The court made note of the fact that the children do not have any existing health concerns that would compel them to be withdrawn from in-person learning. The court further stated that the “availability of on-line learning is not a means by which a parent will be permitted to unilaterally change a child’s school district. On these grounds, the court found that there is no basis for the position that the children should be withdrawn from in-person learning.

The issue of whether the children should remain in their current school or to transfer remained. The court stated the following regarding change in schools: “A request for a change in school registration before parental decision making and parenting schedules are decided is a powerful change in the status quo that can affect far more than where the child attends school.”

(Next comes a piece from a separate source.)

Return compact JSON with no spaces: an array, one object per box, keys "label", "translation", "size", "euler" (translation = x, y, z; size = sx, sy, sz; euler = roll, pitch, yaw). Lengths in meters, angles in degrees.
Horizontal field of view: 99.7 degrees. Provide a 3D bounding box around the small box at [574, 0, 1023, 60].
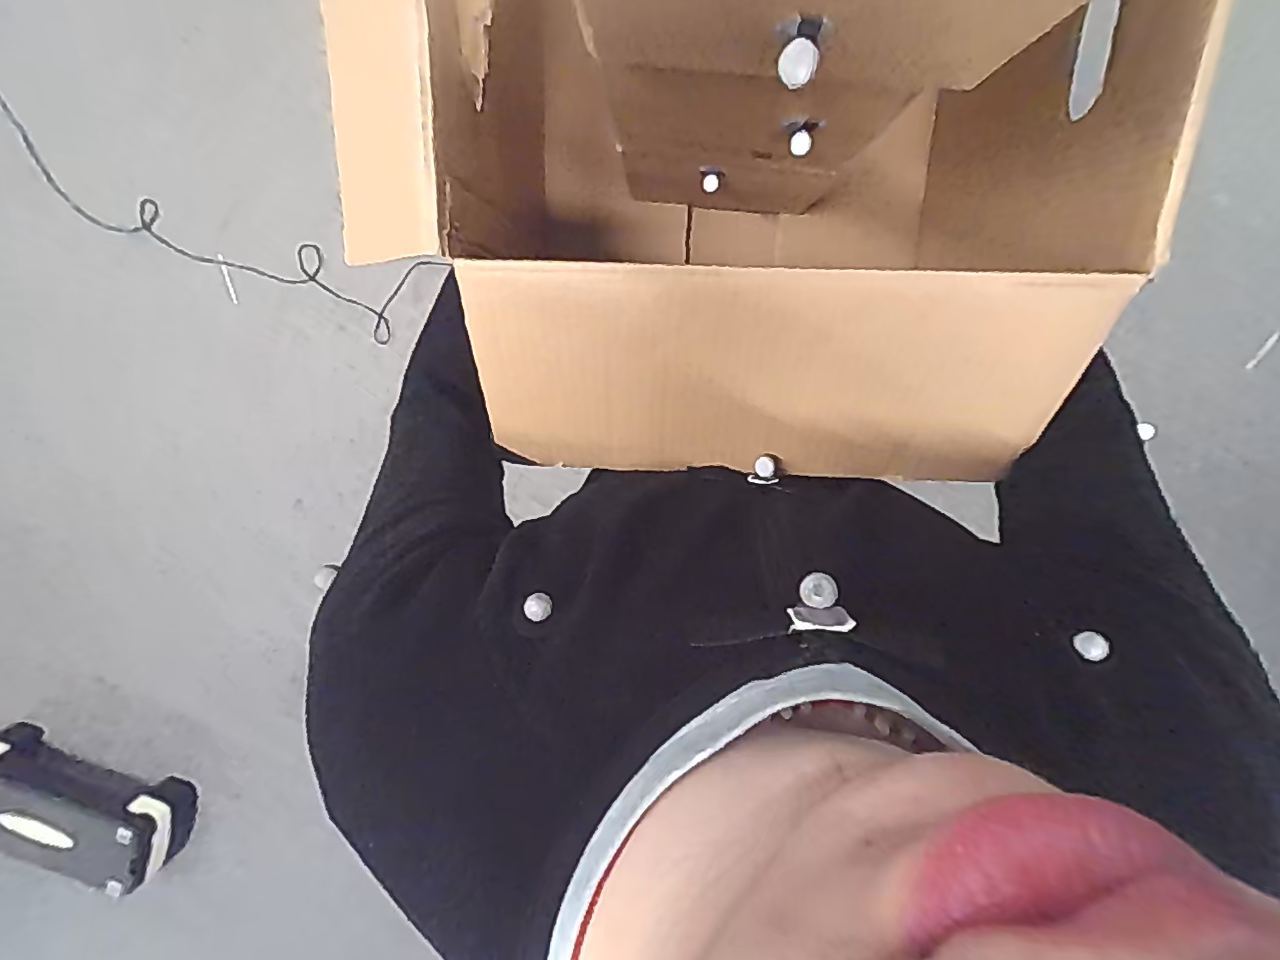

The court stated that while the parent with a clear decision-making authority will be given deference with regards to the children’s affairs, including schooling, in the absence of a clear decision making or parenting agreement, as is the case in this matter, it is premature to consider a change in schools. The court reiterated the importance of the children’s schooling with regards to the development of a parenting regime – that the parent closer to the children’s school has real advantage in becoming the primary caregiver while the other parent fades in the background. As such, the court characterized these claims of change in schools as “bootstrap custody claims”.

The court ordered that the children remain at their current school and attend in-person.

This case reminds us, as Justice Pazaratz in Cosentino v. Cosentino, 2016 ONSC 562 stated, that "parents should think twice about trying to move a child to another city in the middle of a custody dispute" because Courts may not permit the move.